# Dropped bloom



## richard.feldman48 (May 5, 2020)

I'm a relative newbie with a question about a phrag (Eric Young). It seems relatively healthy and has been growing under some good LEDs. A flower was about to open about 3 weeks ago, so I moved it up to my kitchen where it continues to look good. It's a west window, decent light. The bud opened very soon after that and, though it may be a bit pale, it looked good. I woke up this morning to find that the flower had fallen off. It still looks healthy. It's very unlikely that it was knocked off by anyone walking by. I'm wondering why this happened. Any hypotheses? Thanks.

Rich


----------



## CarlG (May 5, 2020)

Yeah, phrags will drop flowers that look perfectly fine. The flower will then sit there in great shape for several more days, disconnected from it's plant. Seems like they're especially prone to doing this just before a show opens, something like that.

I used to joke with phrag exhibitors that an important part of the show kit with these is a bottle of super glue.


----------



## MaxC (May 5, 2020)

Was it only briefly open and the flower fell off? That is less common. As CarlG mentioned the flowers fall off looking perfect, unlike a paphiopedilum. Which can be jarring the first time it happens. Western exposure can be a little intense if it gets a full blast of midday sun. Also, if you keep it at a cooler temperature the color of your blooms will be darker and more intense.


----------



## Linus_Cello (May 5, 2020)

Supposedly a trick is that growers will pollinate a phrag flower before a show, and the flower will stay on the plant foe a little while longer.


----------



## richard.feldman48 (May 5, 2020)

Thanks for the replies. I like the glue idea, which my wife suggested as well. The flower lasted a little over 2 weeks before falling off. The plant gets lots of light but direct sun only in the latter part of the afternoon.


----------



## littlefrog (May 5, 2020)

I was judging a show a couple years ago and watched several flowers fall off as we were walking. Perfect condition. They do that. Weirdest thing though, usually I don't see them drop. They were always doing it at the edge of my peripheral vision. Maybe it is my mutant super-power finally expressing itself.

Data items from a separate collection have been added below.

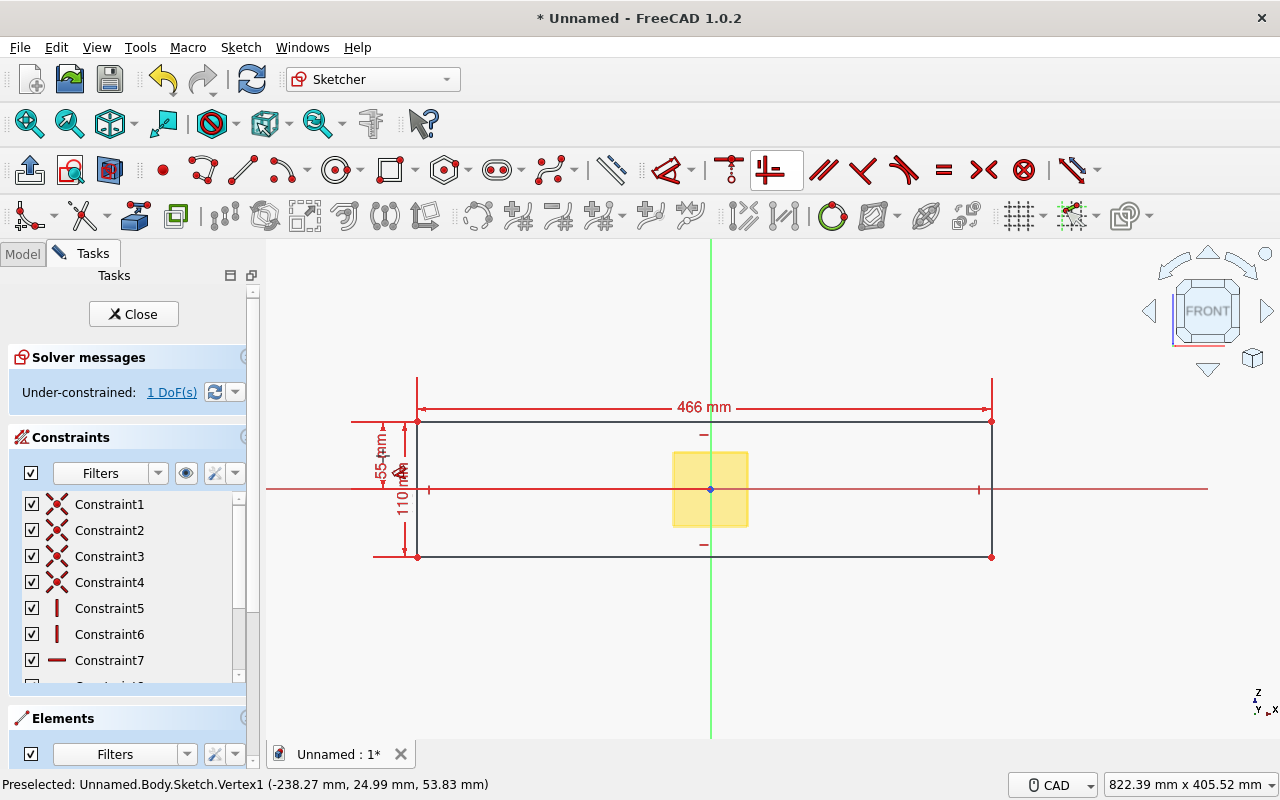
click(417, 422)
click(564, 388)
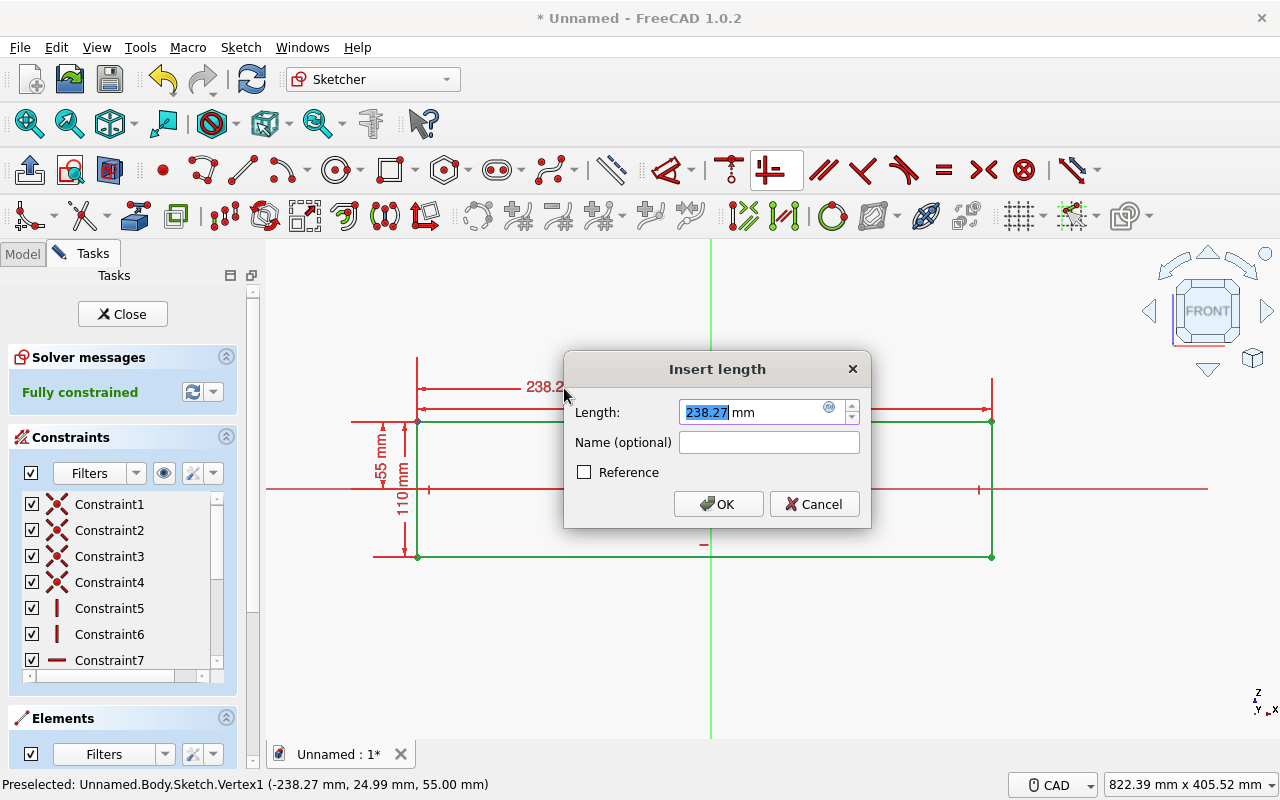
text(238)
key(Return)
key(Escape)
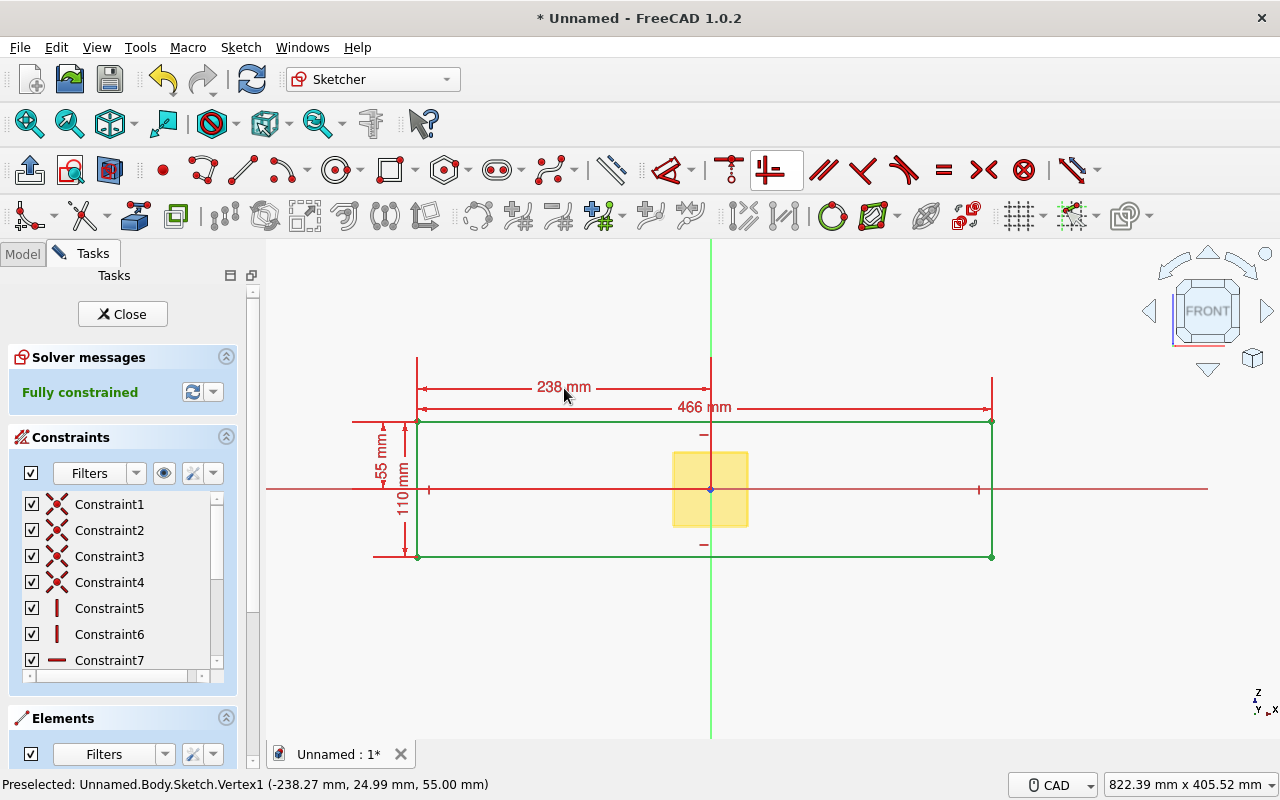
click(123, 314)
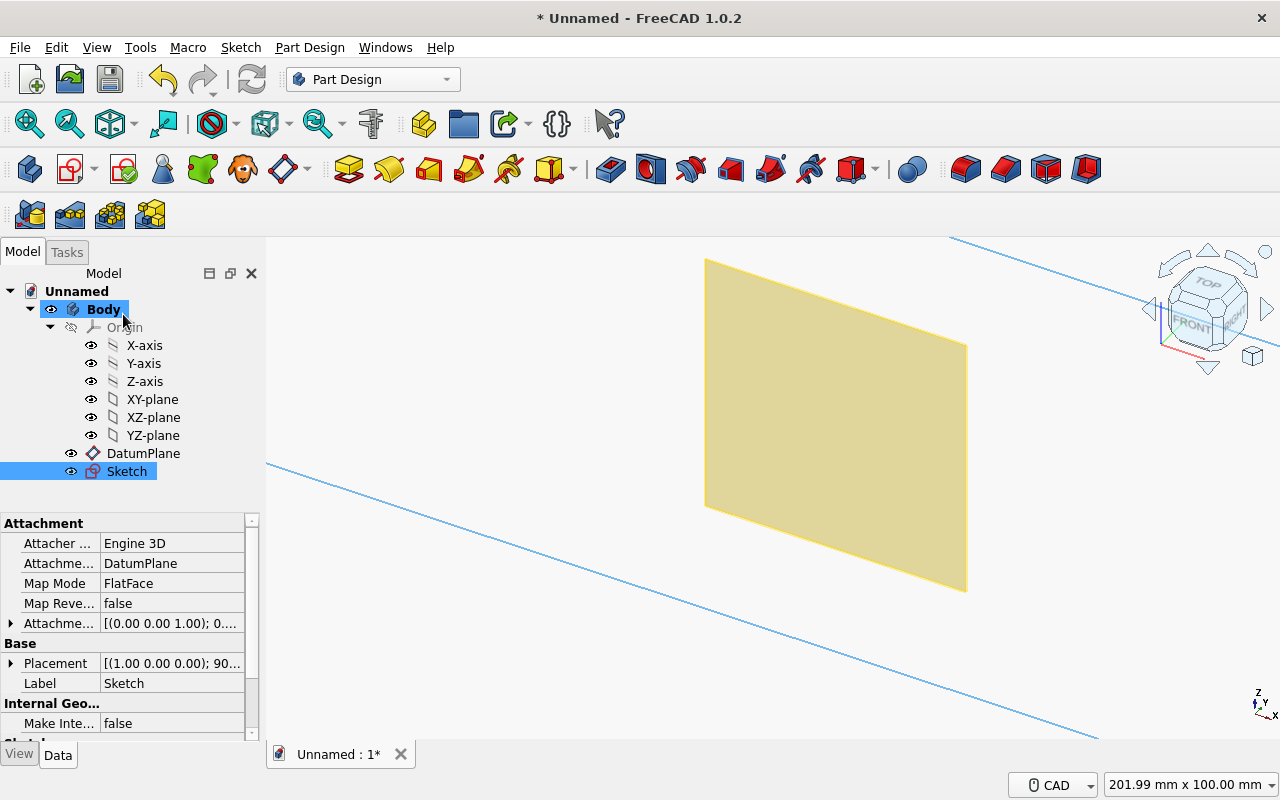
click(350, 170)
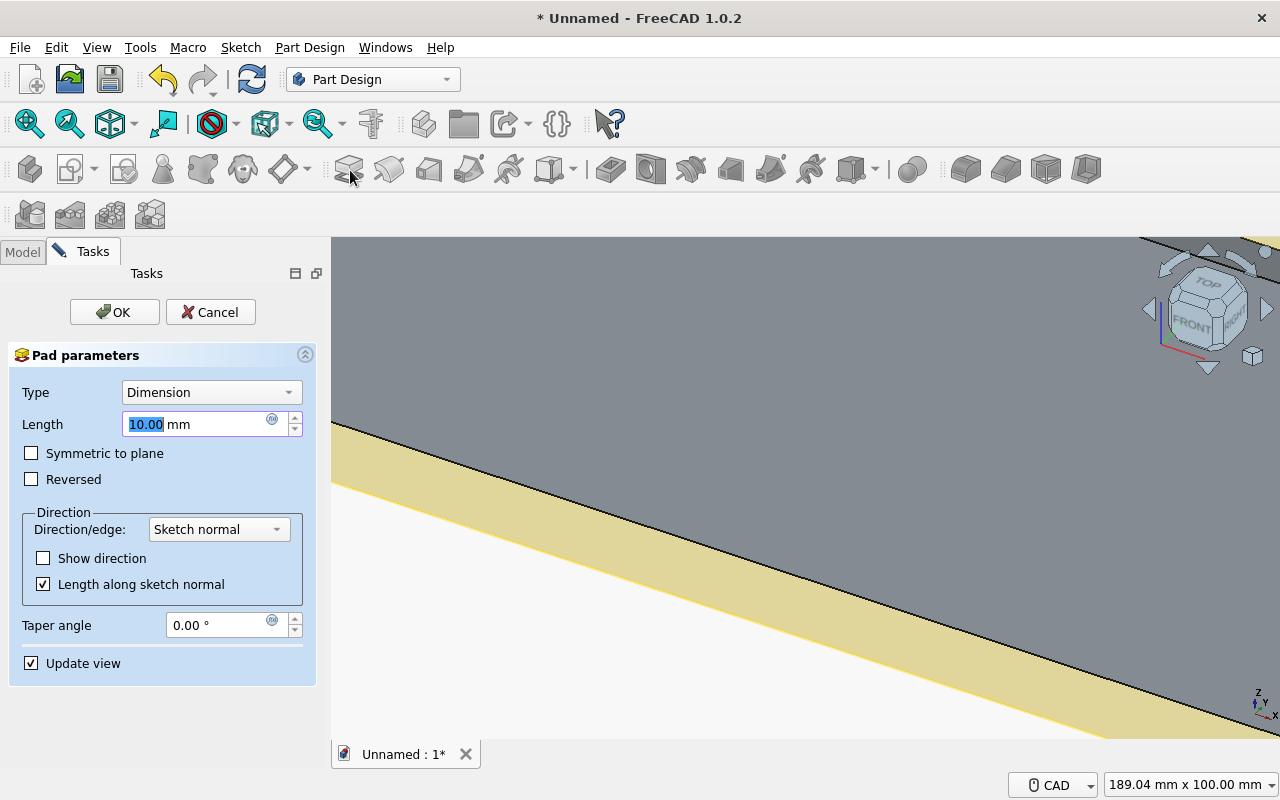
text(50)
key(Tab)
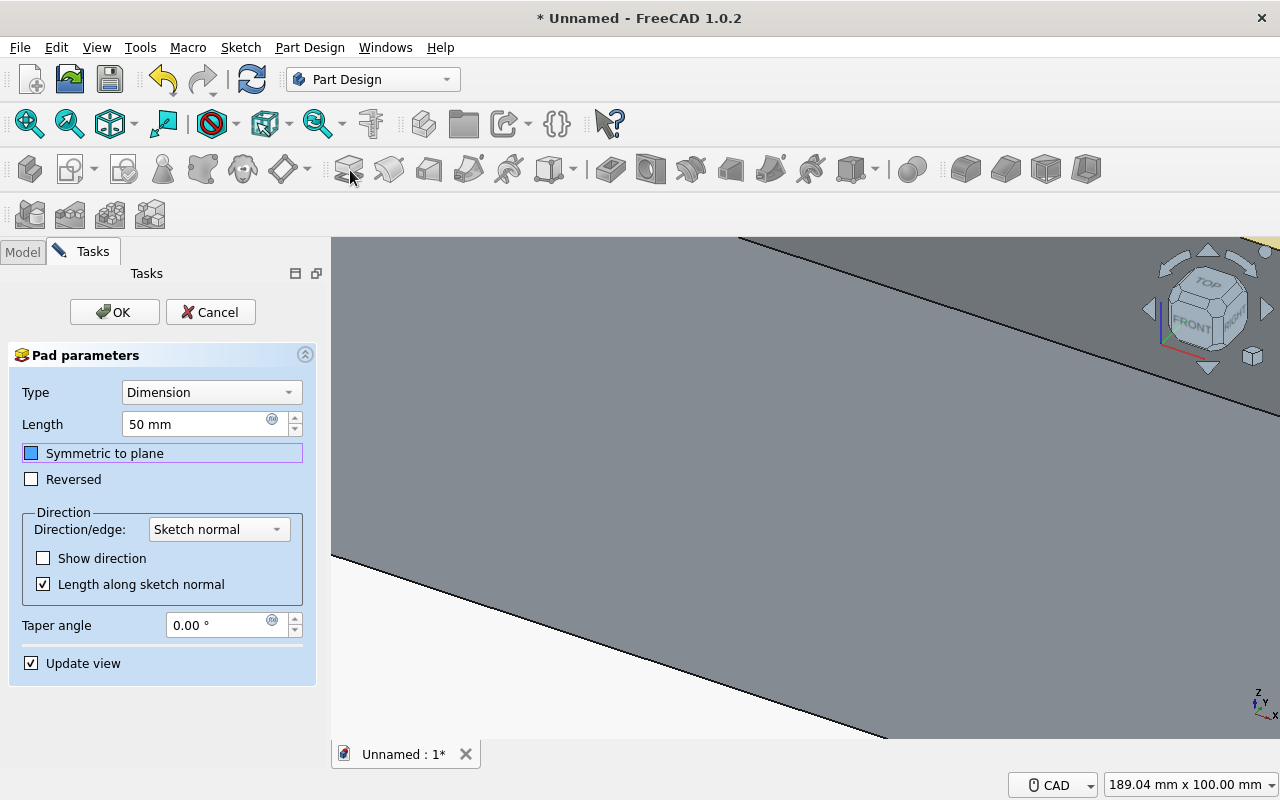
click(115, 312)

I got an award to one in January that literally dropped as it was being judged. They awarded it anyway, might have gotten a few extra sympathy points.


----------



## shariea (May 6, 2020)

On my Phrag Fliquet the flowers usually overlap by a couple of days, but I never had 2 at the same time for more than a couple of days! Those rat ******** looked perfect when they dropped.


----------



## NYEric (May 13, 2020)

Many Phrags are not multi-floral, they are sequential. It comes from the species they're made of, for example dalessandroi vs besseae. If you want a multifloral Phrag. you have to pick carefully.


----------